Miguel Mendez Villalpando, a first-generation college student from Colorado who died in a paddle boating accident in July 2022, is the recipient of the award. At the time of his death, the 25-year-old Colorado College graduate was pursuing a profession as a paralegal. He majored in sociology with a concentration in immigration.
Applicants were invited to submit a video or essay outlining how they are striving to overcome a personal issue.
Rankin began her letter by describing how she grew up sharing a small bedroom room with her two siblings, a condition that is common to many who grew up with very little.
“Every aspect of our lives when I was young revolved around finances and how to survive. It doesn’t surprise me that many people in similar situations resort to crime purely out of desperation,” she wrote.
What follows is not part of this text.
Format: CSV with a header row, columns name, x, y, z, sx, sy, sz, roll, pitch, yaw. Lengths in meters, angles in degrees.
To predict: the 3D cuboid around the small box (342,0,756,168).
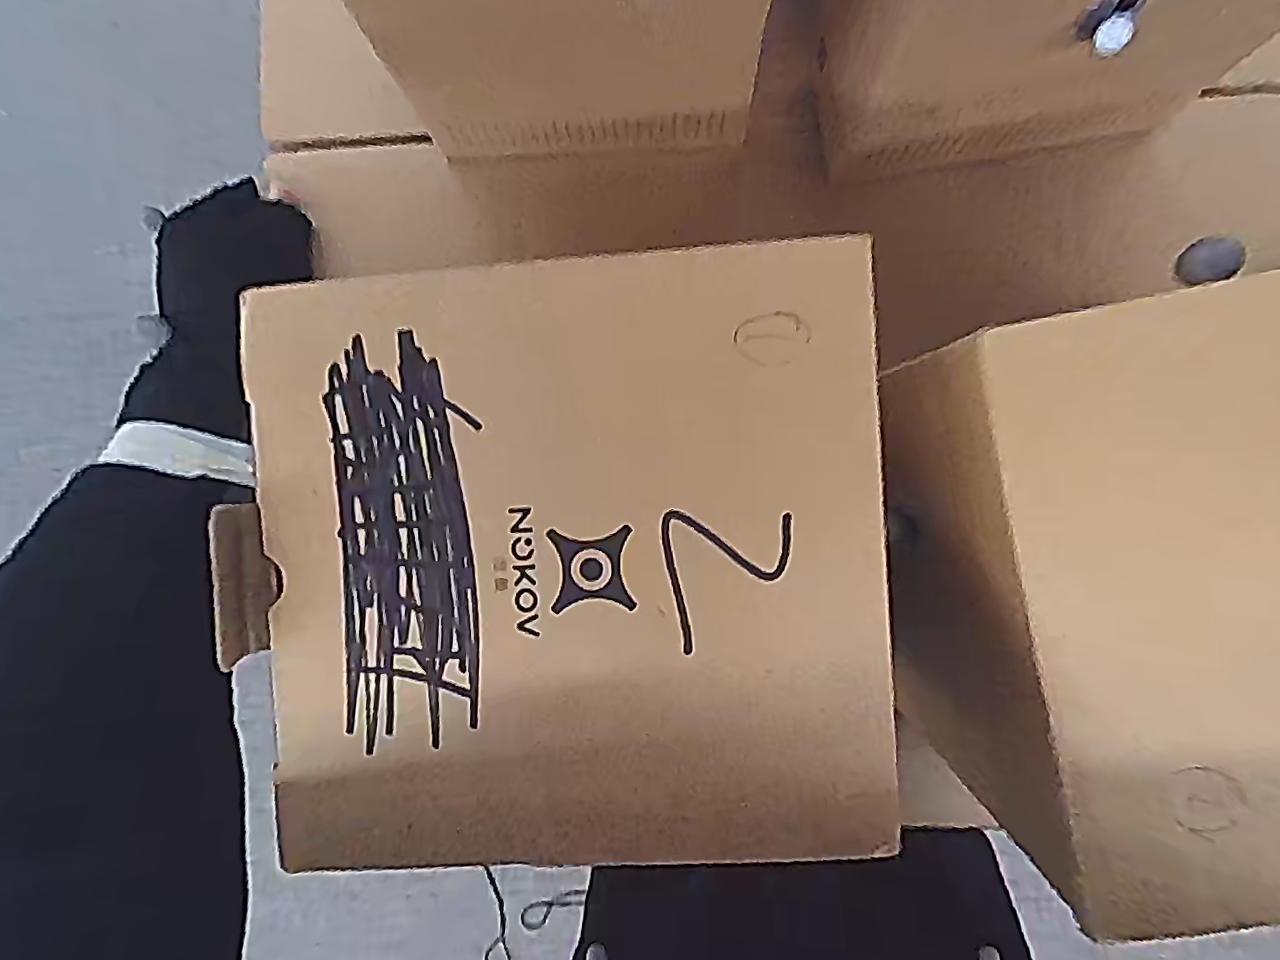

Fortunately, Rankin said her parents “never had any felonies or major stints in prison.”
“I understood pretty quickly that we couldn’t afford to have issues like that,” she wrote. “Lawyers cost an arm and a leg and with the financial possibility of one of my parents not being present, my paycheck-to-paycheck household would be unable to function. Seeing how my family could be one misstep away from destruction, I soon realized some of the ways the criminal justice system fails its citizens.”
Once she completes her studies, Rankin looks to join an organization committed to “reforming the prison system.” She said she also plans on working to “educate disadvantaged groups on the legal system.”
“The ability to, in the future, help those with legal issues who deal with similar financial situations I was in throughout my childhood brings me so much joy and purpose,” Rankin wrote. “I am more than committed to providing affordable and free legal services to those who otherwise couldn’t afford it in a system that is far from equitable.”
The Miguel Mendez Social Justice Scholarship is being granted for the second time this year. It was organized by Bold.org and supported by Nancy Roberts of Colorado Springs and ten smaller donors.